A daemon doesn’t interact with the user directly it has no use for STDIN, STDOUT and STDERR and we really have no idea where these are connected or where anything we write to them will end up. As these file descriptors are not required and effectively useless we should close them to save some system resources and prevent any related security problems. We close these descriptors like this:

/* Close the standard file descriptors */
close(STDIN_FILENO);
close(STDOUT_FILENO);
close(STDERR_FILENO);

Writing the payload

Now you have a C program that is capable of becoming a daemon, but its a pretty useless daemon if it exits immediately. Payload code is really up to you to design. I’ll offer you a few tips on designing your payload.

  • Put your payload in a loop. Generally in a daemon you want to perform the same action over and over again until you’re killed. If you have to cleanup (such as closing syslog) when the daemon is about to be killed you should add an exit clause that will be activated by a SIGTERM signal handler.
  • Make your code as fast an efficient as possible. This is something you should do with any program, but with daemons it is important that you do not hamper the performance of the rest of the system.
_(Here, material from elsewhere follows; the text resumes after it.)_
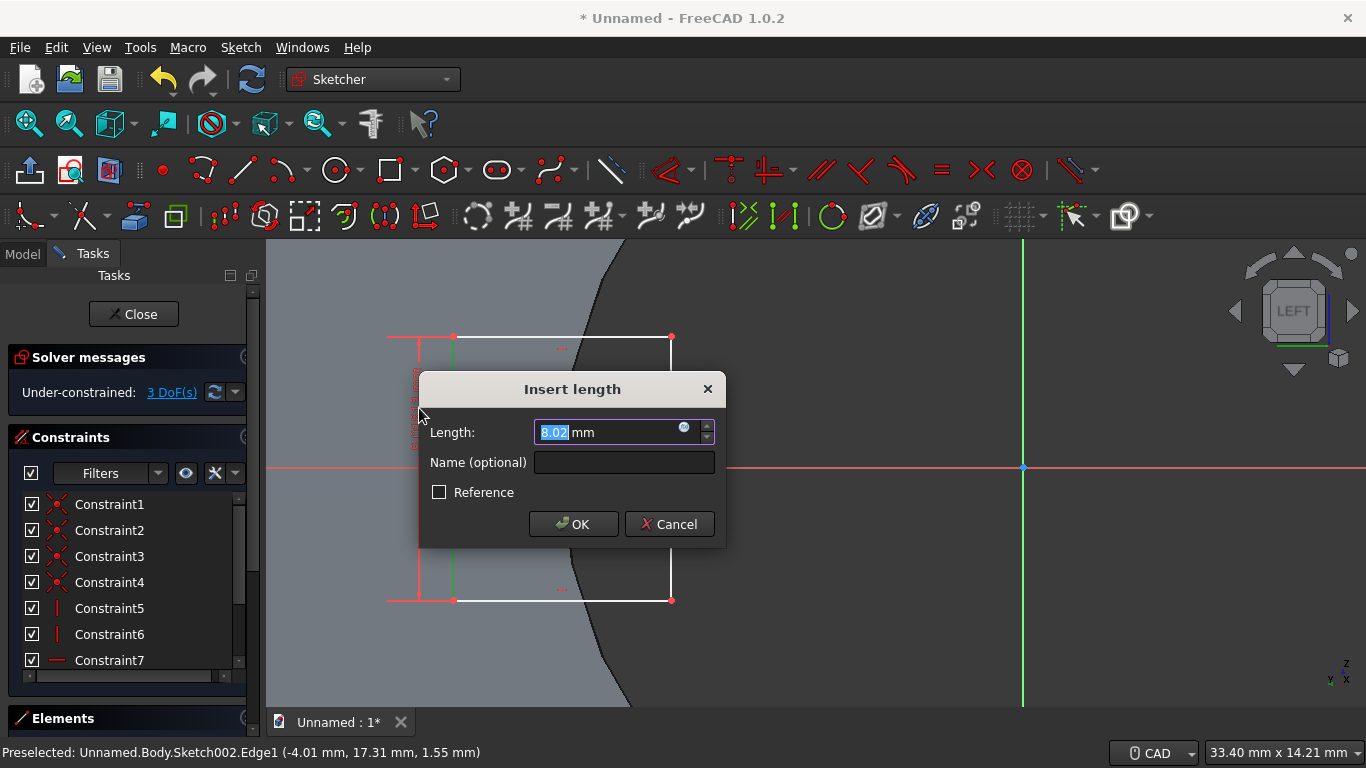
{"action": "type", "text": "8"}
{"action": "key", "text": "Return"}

This is especially true if you’re going to be running this daemon on desktop systems.
  • Be aware that your code may be preempted very often. As your daemon is going to be running for the amount of time the system is up, it is likely that its execution will be preempted.
  • Be paranoid about security. Daemons are common attack vectors and can be used to gain privileged access to a system. You should consider dropping any privileges that you don’t require.

Conclusion

So if we take all the code I’ve mentioned in this post and put it all together you have a simple daemon. You can download the source from the link here: daemon.c.
If your daemon is only going to be run on Linux and not on a System V style system such as Solaris you can use the daemon function to do a lot of this work for you.

References

Linux Daemon Writing HOWTO in C
Linux Daemon writing in C++

Random Thought: It appears the devil uses a Unix based OS, probably OSX.